== Exercise brief ==
Give back exactly the stretch of data below from the line holding "picture [41, 47, 231, 172]" through the line holding "text Besluitdatum: 02-05-2025", both ends included, and leave the remaining lines out.

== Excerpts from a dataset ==
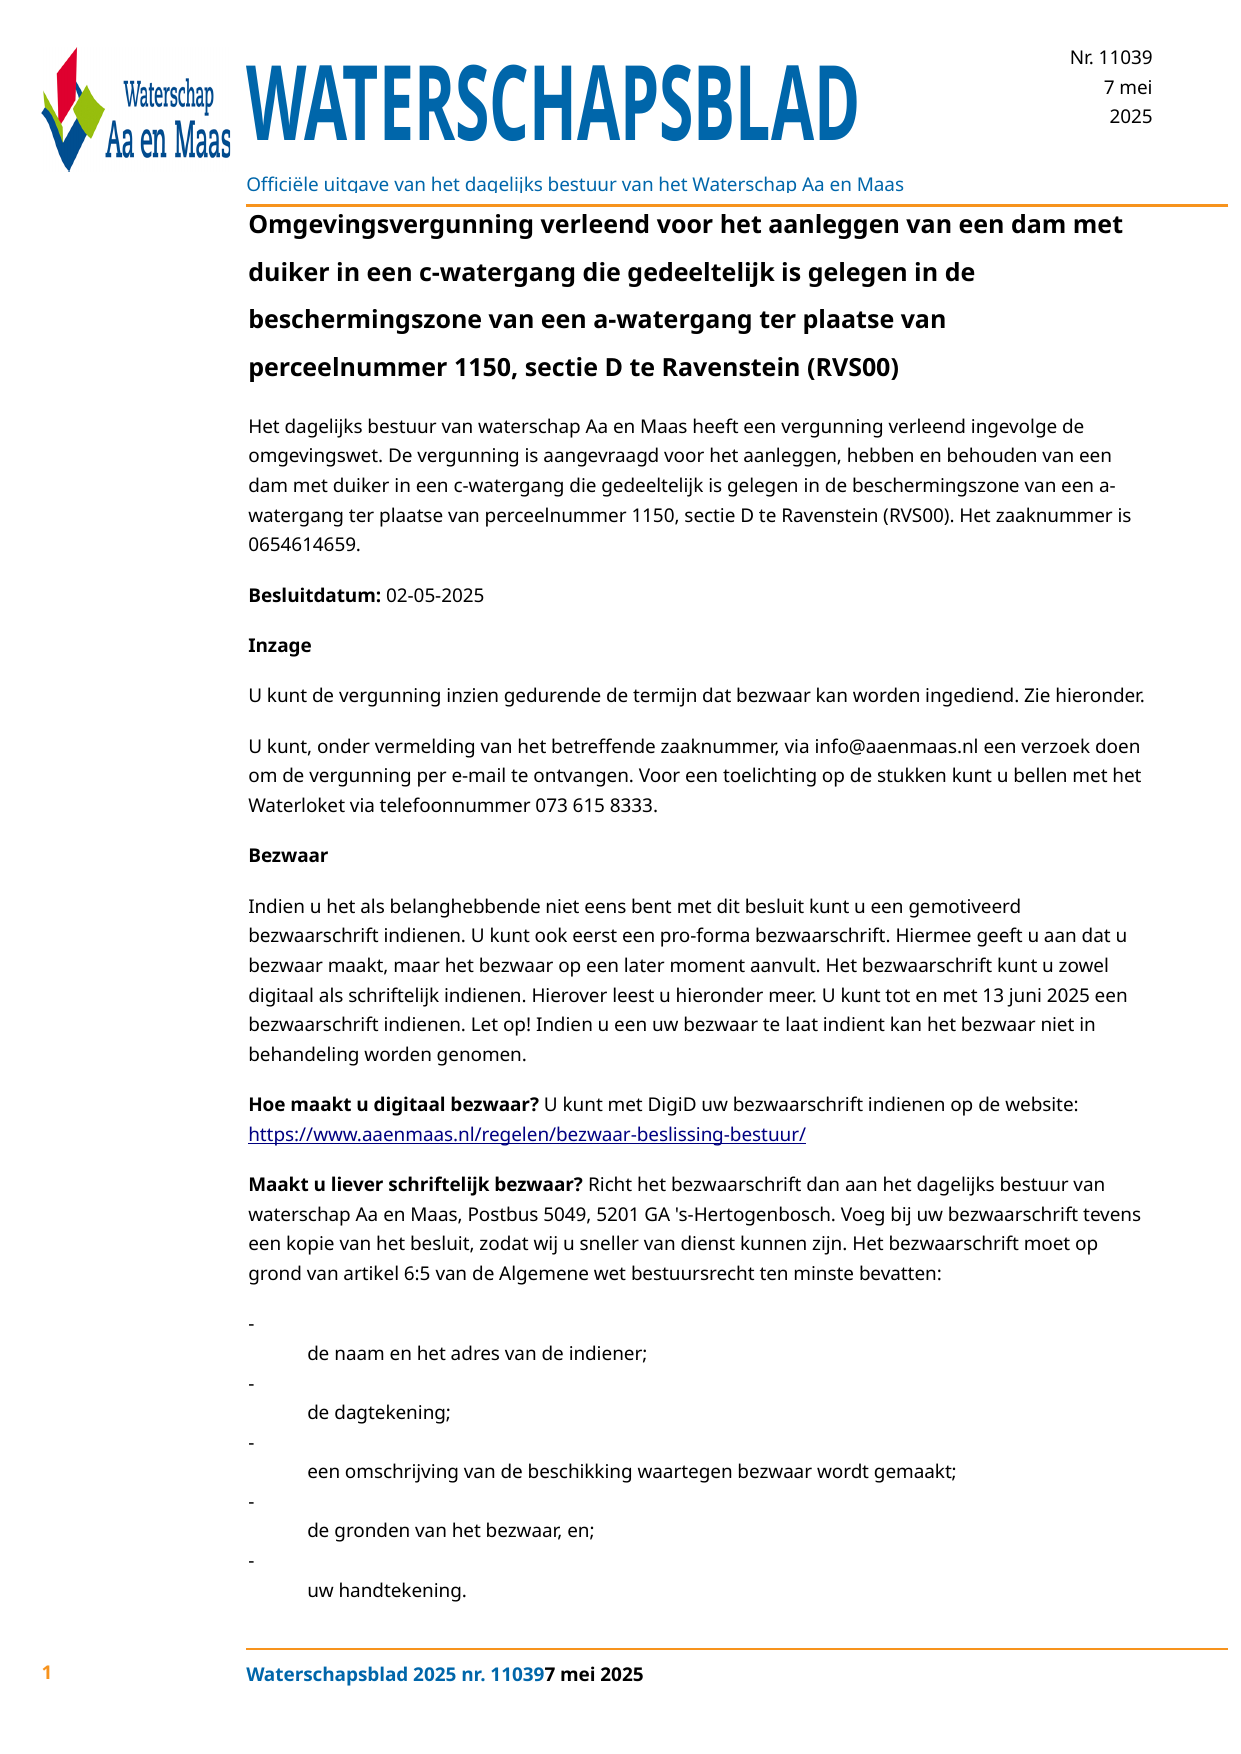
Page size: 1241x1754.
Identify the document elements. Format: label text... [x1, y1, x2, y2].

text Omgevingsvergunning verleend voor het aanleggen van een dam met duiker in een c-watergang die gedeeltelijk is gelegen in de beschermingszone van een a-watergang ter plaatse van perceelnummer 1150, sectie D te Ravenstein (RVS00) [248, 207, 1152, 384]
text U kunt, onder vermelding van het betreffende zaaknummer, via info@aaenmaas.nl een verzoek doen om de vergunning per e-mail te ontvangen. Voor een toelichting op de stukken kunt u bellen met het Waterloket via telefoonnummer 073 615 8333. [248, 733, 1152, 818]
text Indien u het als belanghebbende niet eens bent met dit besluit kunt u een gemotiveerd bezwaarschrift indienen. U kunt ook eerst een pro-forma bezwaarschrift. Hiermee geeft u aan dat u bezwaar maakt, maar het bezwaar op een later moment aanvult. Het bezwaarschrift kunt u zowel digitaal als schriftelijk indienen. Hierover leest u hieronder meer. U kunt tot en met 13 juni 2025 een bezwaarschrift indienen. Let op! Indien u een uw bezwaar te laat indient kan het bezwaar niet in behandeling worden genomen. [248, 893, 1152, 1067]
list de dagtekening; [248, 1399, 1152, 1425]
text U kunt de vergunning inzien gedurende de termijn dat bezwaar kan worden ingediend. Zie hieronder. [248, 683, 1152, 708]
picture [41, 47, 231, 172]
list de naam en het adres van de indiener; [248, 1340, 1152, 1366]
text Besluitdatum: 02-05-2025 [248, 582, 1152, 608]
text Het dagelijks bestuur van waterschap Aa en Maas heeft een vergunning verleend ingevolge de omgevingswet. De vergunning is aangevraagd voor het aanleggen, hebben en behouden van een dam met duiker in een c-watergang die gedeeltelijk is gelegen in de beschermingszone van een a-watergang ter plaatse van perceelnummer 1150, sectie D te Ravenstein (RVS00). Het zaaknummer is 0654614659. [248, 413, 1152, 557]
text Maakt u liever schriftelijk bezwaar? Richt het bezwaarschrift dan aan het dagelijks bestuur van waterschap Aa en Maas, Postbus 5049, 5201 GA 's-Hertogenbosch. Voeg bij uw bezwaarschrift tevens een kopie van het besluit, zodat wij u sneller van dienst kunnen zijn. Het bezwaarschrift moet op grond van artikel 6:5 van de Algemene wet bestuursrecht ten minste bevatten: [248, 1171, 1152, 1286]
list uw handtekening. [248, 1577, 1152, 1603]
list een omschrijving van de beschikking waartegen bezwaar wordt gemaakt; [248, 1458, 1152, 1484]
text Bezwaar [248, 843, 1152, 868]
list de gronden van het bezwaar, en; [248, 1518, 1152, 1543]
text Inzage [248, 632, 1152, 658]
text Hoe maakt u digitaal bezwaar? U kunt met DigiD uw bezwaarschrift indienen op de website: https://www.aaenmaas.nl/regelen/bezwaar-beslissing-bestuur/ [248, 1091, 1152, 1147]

== Result ==
picture [41, 47, 231, 172]
list de naam en het adres van de indiener; [248, 1340, 1152, 1366]
text Besluitdatum: 02-05-2025 [248, 582, 1152, 608]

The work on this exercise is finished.